Got a disturbing crash while performing 'apachectl stop'. General system:
$ uname -a
Linux www.example.com 3.13.0-24-generic #47-Ubuntu SMP Fri May 2 23:30:00 UTC 2014 x86_64 x86_64 x86_64 GNU/Linux
$ lsb_release -d
Description: Ubuntu 14.04 LTS
Lots of spare capacity in disk, memory, CPU. This is an Amazon EC2 cloud instance, running today at 1PM 5/7/2014, region us-east-1a, medium-size instance with 3.7GB mem/2CPU. My other instances on the same VPC and same region were fine.
I read elsewhere that in today's kernels, you don't get a crash like this unless the hardware is failing. Seems unlikely that Amazon would have faulty hardware in the cloud?? Or am I being pollyannish?

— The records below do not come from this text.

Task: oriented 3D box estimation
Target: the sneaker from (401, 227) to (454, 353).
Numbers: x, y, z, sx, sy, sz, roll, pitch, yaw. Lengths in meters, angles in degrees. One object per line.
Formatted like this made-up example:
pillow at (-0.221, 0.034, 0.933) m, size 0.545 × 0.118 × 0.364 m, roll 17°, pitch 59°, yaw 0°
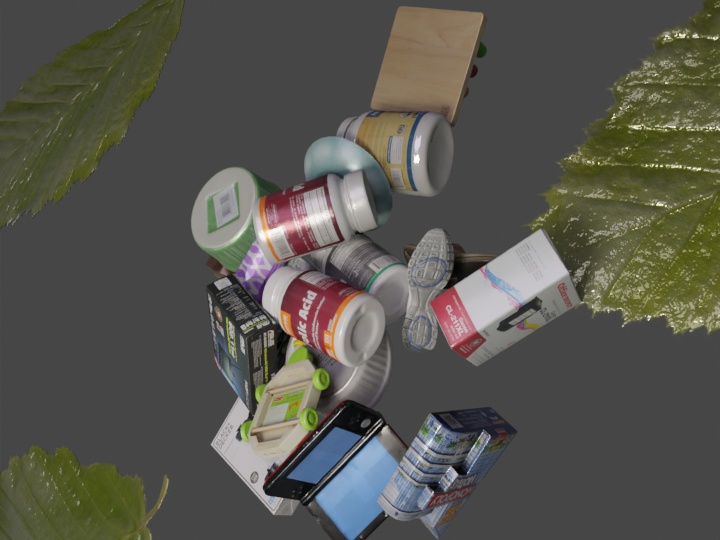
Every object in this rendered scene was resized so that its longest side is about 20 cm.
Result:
sneaker at (0.106, 0.028, 0.956) m, size 0.072 × 0.087 × 0.207 m, roll 13°, pitch 105°, yaw 3°

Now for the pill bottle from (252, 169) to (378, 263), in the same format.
pill bottle at (-0.074, -0.094, 0.986) m, size 0.193 × 0.115 × 0.118 m, roll -16°, pitch 63°, yaw 8°

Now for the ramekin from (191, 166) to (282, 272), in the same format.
ramekin at (-0.250, -0.108, 1.178) m, size 0.194 × 0.097 × 0.207 m, roll -11°, pitch 66°, yaw 26°

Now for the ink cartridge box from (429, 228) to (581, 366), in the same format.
ink cartridge box at (0.222, 0.047, 0.880) m, size 0.197 × 0.145 × 0.085 m, roll -34°, pitch 59°, yaw 14°

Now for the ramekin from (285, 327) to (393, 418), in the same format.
ramekin at (-0.045, 0.154, 1.028) m, size 0.196 × 0.094 × 0.210 m, roll -12°, pitch 65°, yaw 26°

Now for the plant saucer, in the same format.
plant saucer at (-0.033, -0.147, 1.079) m, size 0.196 × 0.206 × 0.039 m, roll 11°, pitch 43°, yaw 33°

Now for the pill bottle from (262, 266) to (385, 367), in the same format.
pill bottle at (-0.064, 0.067, 0.943) m, size 0.196 × 0.114 × 0.117 m, roll 20°, pitch 81°, yaw 38°

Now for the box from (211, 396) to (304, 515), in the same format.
box at (-0.173, 0.330, 1.056) m, size 0.198 × 0.060 × 0.119 m, roll 33°, pitch 89°, yaw 35°

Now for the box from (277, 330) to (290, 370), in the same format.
box at (-0.170, 0.111, 1.154) m, size 0.108 × 0.035 × 0.205 m, roll 24°, pitch 85°, yaw 35°

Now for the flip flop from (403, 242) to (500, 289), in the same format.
flip flop at (0.164, -0.015, 0.990) m, size 0.194 × 0.083 × 0.058 m, roll 5°, pitch 43°, yaw 33°

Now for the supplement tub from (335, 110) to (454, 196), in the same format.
supplement tub at (0.062, -0.219, 1.079) m, size 0.195 × 0.144 × 0.149 m, roll 10°, pitch 76°, yaw 32°

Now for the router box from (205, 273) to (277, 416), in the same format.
router box at (-0.208, 0.134, 1.034) m, size 0.061 × 0.205 × 0.149 m, roll -24°, pitch 47°, yaw -31°

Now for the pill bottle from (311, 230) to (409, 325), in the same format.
pill bottle at (0.000, 0.000, 1.045) m, size 0.114 × 0.112 × 0.199 m, roll -53°, pitch 48°, yaw 1°

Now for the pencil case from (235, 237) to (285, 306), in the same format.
pencil case at (-0.167, -0.029, 1.101) m, size 0.085 × 0.083 × 0.204 m, roll 32°, pitch 91°, yaw 35°

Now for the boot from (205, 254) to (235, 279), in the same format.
boot at (-0.311, -0.085, 1.303) m, size 0.182 × 0.064 × 0.206 m, roll 18°, pitch 85°, yaw 36°

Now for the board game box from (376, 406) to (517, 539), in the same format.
board game box at (0.118, 0.302, 0.841) m, size 0.061 × 0.197 × 0.204 m, roll 37°, pitch 105°, yaw 35°

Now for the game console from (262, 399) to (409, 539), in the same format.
game console at (-0.023, 0.326, 0.905) m, size 0.200 × 0.172 × 0.119 m, roll -46°, pitch 52°, yaw 6°

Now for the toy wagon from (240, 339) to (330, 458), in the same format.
toy wagon at (-0.113, 0.200, 0.942) m, size 0.152 × 0.040 × 0.204 m, roll -21°, pitch 37°, yaw 36°

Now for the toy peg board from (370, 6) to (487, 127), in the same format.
toy peg board at (0.146, -0.390, 1.142) m, size 0.196 × 0.097 × 0.206 m, roll 22°, pitch 98°, yaw 35°

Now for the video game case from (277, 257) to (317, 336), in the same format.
video game case at (-0.188, 0.035, 1.156) m, size 0.198 × 0.023 × 0.185 m, roll 32°, pitch 90°, yaw 46°

Anyway, the dump from dmesg
(the system continued to operate by serving webpages and talking to the database, but new processes hung instantly, such as ps
and ssh
):
[27917995.400499] general protection fault: 0000 [#1] SMP [27917995.400515] Modules linked in: isofs crct10dif_pclmul crc32_pclmul ghash_clmulni_intel aesni_intel aes_x86_64 lrw gf128mul glue_helper ablk_helper cryptd [27917995.400537] CPU: 0 PID: 1672 Comm: apache2 Not tainted 3.13.0-24-generic #46-Ubuntu [27917995.400545] task: ffff8800020117f0 ti: ffff88005f012000 task.ti: ffff88005f012000 [27917995.400551] RIP: e030:[] [] devpts_kill_index+0x13/0x60 [27917995.400564] RSP: e02b:ffff88005f013d58 EFLAGS: 00010286 [27917995.400568] RAX: dc73af5e3df7dcab RBX: ffff880003f30400 RCX: 0000000181000079 [27917995.400574] RDX: 00000000ffffffff RSI: 0000000000000002 RDI: ffff8800aab76ff8 [27917995.400579] RBP: ffff88005f013d68 R08: 0000000000000000 R09: 0000000000000001 [27917995.400583] R10: ffffea0003a01180 R11: ffffffff8144a320 R12: 0000000000000002 [27917995.400588] R13: ffff8800e87a8001 R14: 0000000000000002 R15: 0000000000000001 [27917995.400598] FS: 00007f8d8b320780(0000) GS:ffff8800ef600000(0000) knlGS:0000000000000000 [27917995.400605] CS: e033 DS: 0000 ES: 0000 CR0: 000000008005003b [27917995.400610] CR2: 00007f8d79aea7e0 CR3: 0000000001c0e000 CR4: 0000000000002660 [27917995.400616] Stack: [27917995.400619] ffff880003f30400 ffff880003f30800 ffff88005f013d78 ffffffff8144caa8 [27917995.400628] ffff88005f013d90 ffffffff81440e47 ffff880003f30400 ffff88005f013e38 [27917995.400636] ffffffff81443159 ffff880003f30610 ffff880003f30628 ffff880003f30630 [27917995.400645] Call Trace: [27917995.400656] [] pty_unix98_shutdown+0x18/0x20 [27917995.400662] [] release_tty+0x37/0x140 [27917995.400668] [] tty_release+0x4b9/0x600 [27917995.400678] [] __fput+0xe4/0x260 [27917995.400684] [] ____fput+0xe/0x10 [27917995.400693] [] task_work_run+0xc4/0xe0 [27917995.400701] [] do_exit+0x2ab/0xa50 [27917995.400708] [] ? vtime_account_user+0x54/0x60 [27917995.400717] [] ? context_tracking_user_exit+0x4f/0xc0 [27917995.400723] [] do_group_exit+0x3f/0xa0 [27917995.400729] [] SyS_exit_group+0x14/0x20 [27917995.400738] [] tracesys+0xe1/0xe6 [27917995.400742] Code: 0f 1f 84 00 00 00 00 00 48 83 c4 08 b8 fb ff ff ff 5b 41 5c 5d c3 66 90 66 66 66 66 90 55 48 89 e5 41 54 41 89 f4 53 48 8b 47 28 81 78 58 d1 1c 00 00 74 0b 48 8b 05 44 bf d7 00 48 8b 40 08 [27917995.400796] RIP [] devpts_kill_index+0x13/0x60 [27917995.400803] RSP [27917995.400811] ---[ end trace 5b24303912015285 ]--- [27917995.400815] Fixing recursive fault but reboot is needed!
The cloud is made up of hardware still so a hardware fault is entirely possible. If you suspect a hardware issues just stop and restart the instance. This should put you on a new host.